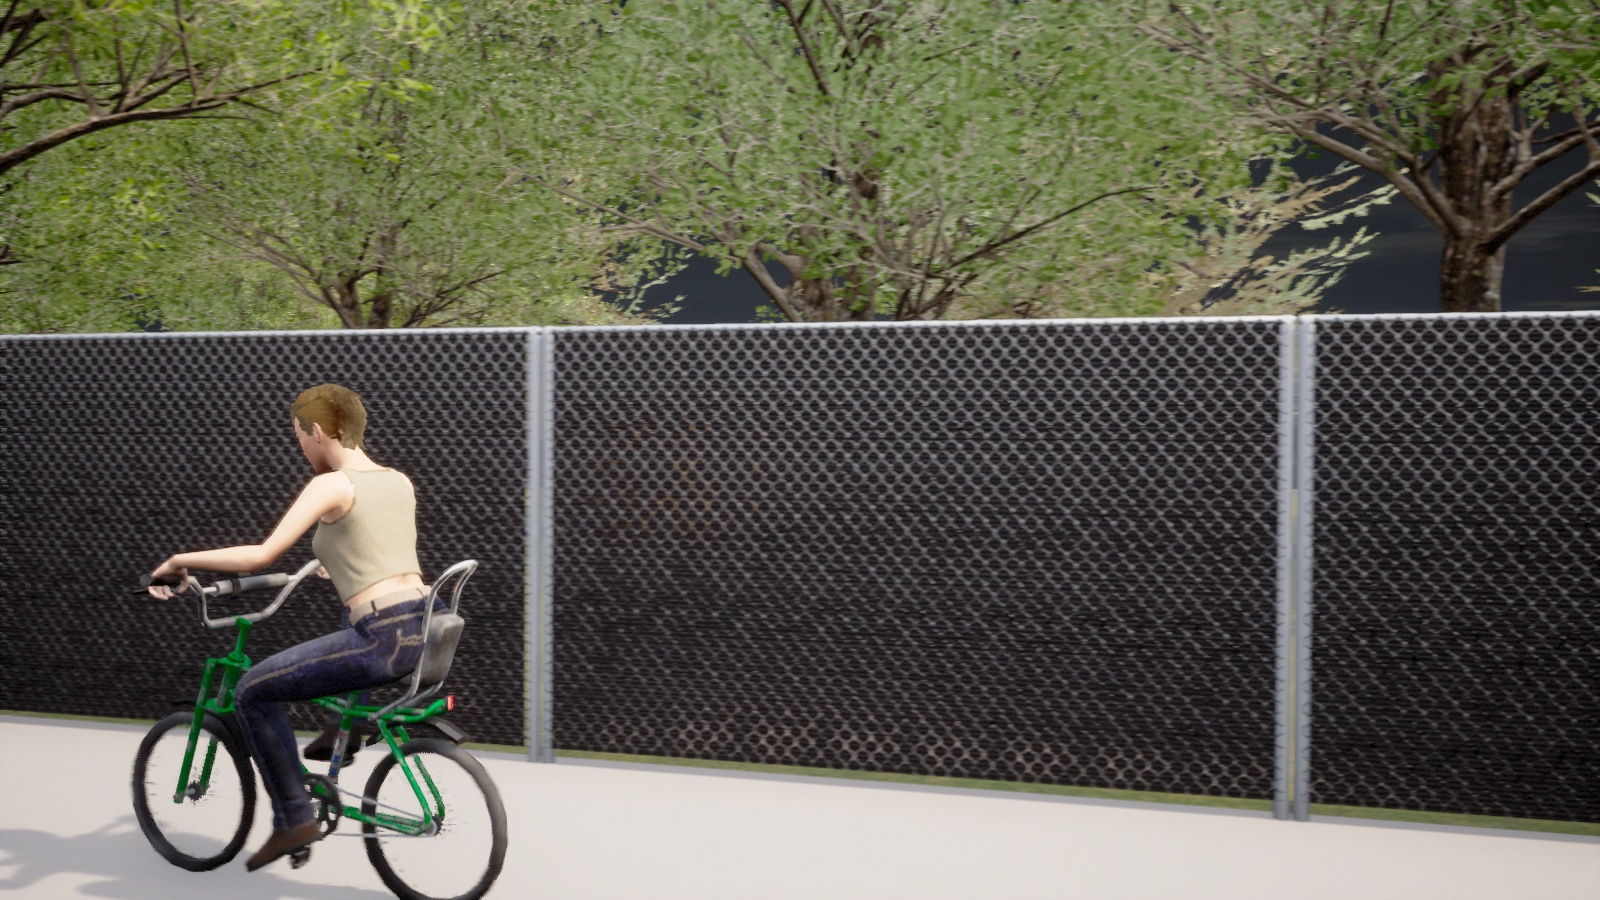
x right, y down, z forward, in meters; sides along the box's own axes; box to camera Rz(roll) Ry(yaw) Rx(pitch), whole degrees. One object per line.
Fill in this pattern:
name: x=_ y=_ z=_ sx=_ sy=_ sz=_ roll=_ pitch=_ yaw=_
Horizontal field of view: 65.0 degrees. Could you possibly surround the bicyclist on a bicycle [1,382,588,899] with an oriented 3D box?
bicyclist on a bicycle: x=-1.564 y=0.625 z=3.970 sx=1.509 sy=1.612 sz=0.866 roll=0 pitch=1 yaw=21
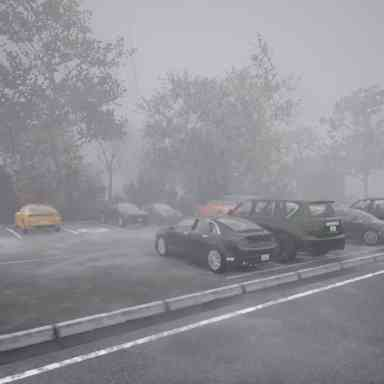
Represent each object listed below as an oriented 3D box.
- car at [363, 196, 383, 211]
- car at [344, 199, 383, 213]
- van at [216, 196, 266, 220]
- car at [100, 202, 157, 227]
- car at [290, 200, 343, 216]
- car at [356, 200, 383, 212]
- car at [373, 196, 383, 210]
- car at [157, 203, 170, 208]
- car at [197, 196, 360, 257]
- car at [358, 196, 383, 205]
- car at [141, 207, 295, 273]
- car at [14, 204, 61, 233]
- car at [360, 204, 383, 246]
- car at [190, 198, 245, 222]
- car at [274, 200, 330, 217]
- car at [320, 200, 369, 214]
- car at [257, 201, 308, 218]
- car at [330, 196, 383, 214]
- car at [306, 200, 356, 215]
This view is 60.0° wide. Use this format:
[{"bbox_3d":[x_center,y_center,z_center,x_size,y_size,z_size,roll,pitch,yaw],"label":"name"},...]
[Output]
**********
### What the task asks
Print each record exactly as it stands, omitting the pictures.

### Exercise answer
x right, y down, z forward, in meters; sides along the box's own axes; box to camera Rz(roll) Ry(yaw) Rx(pitch), whole degrees. One object per line.
Fill in this pattern:
name: x=_ y=_ z=_ sx=_ sy=_ sz=_ roll=_ pitch=_ yaw=_
Horizontal field of view: 65.0 degrees. Could you possibly surround the bicyclist on a bicycle [1,382,588,899] with an oriented 3D box?
bicyclist on a bicycle: x=-1.564 y=0.625 z=3.970 sx=1.509 sy=1.612 sz=0.866 roll=0 pitch=1 yaw=21
Represent each object listed below as an oriented 3D box.
- car at [363, 196, 383, 211]
- car at [344, 199, 383, 213]
- van at [216, 196, 266, 220]
- car at [100, 202, 157, 227]
- car at [290, 200, 343, 216]
- car at [356, 200, 383, 212]
- car at [373, 196, 383, 210]
- car at [157, 203, 170, 208]
- car at [197, 196, 360, 257]
- car at [358, 196, 383, 205]
- car at [141, 207, 295, 273]
- car at [14, 204, 61, 233]
- car at [360, 204, 383, 246]
- car at [190, 198, 245, 222]
- car at [274, 200, 330, 217]
- car at [320, 200, 369, 214]
- car at [257, 201, 308, 218]
- car at [330, 196, 383, 214]
- car at [306, 200, 356, 215]
This view is 60.0° wide. Use this format:
[{"bbox_3d":[x_center,y_center,z_center,x_size,y_size,z_size,roll,pitch,yaw],"label":"name"},...]
[Output]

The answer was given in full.